Additionally, it is unclear what the “pertinent provisions of the International Health Regulations” pursuant to Annex 9 refer to. Black’s Law Dictionary defines “pertinent” as “pertaining to the issue at hand”. A narrow reading of this clause would restrict this reference to those provisions of the IHR that deal directly with aircraft, points of entry, and international conveyances. However, the respective treaty bodies formulated the IHR and Annex 9 to interconnect with each other to prevent airborne spread of diseases. Timely notification and information about health threats are thus a necessary prerequisite for specific measures, including those affecting aircraft. In short, in our view a state that violates essential IHR provisions such as the obligation to notify of Art. 6 cannot in good faith perform the “pertinent provisions” of Annex 9. Considering the present case of China’s conduct regarding COVID-19, such an expansive view is even more warranted considering that China is already bound by the IHR independently of Annex 9. The question of “pertinent provisions” merely determines over which violations of the IHR the ICAO Council has jurisdiction.

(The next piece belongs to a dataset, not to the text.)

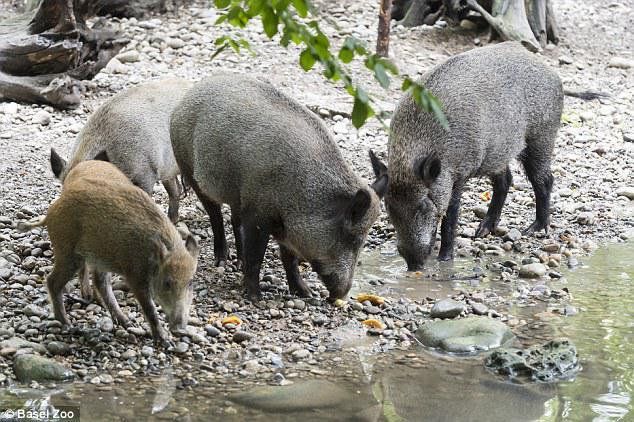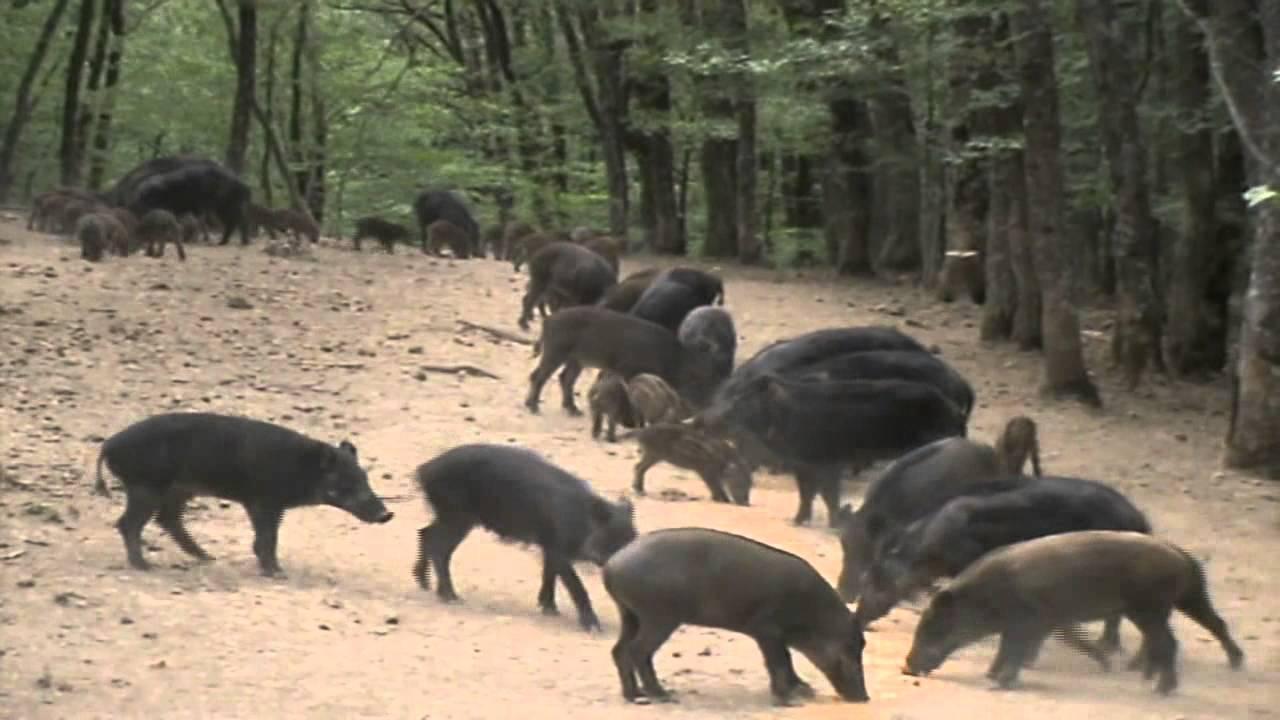The first image is the image on the left, the second image is the image on the right. Considering the images on both sides, is "One of the images shows only 4 animals." valid? Answer yes or no. Yes. The first image is the image on the left, the second image is the image on the right. Assess this claim about the two images: "One image contains no more than 4 pigs.". Correct or not? Answer yes or no. Yes.

At first glance, it might seem far-fetched that a highly technical organization dedicated to regulating the minutiae of civil aviation is the proper forum for claims arising out of a viral pandemic. However, air travel vastly facilitated the transnational spread of the novel coronavirus and as timely notification and information-sharing pursuant to WHO Regulations could have slowed down or prevented it, the ICAO Council could serve as a proper forum for this dispute. As outlined above, pursuing claims against China through ICAO raises both procedural and substantive questions. The ICAO Council and the ICJ are the only ones who could deliver definite answers.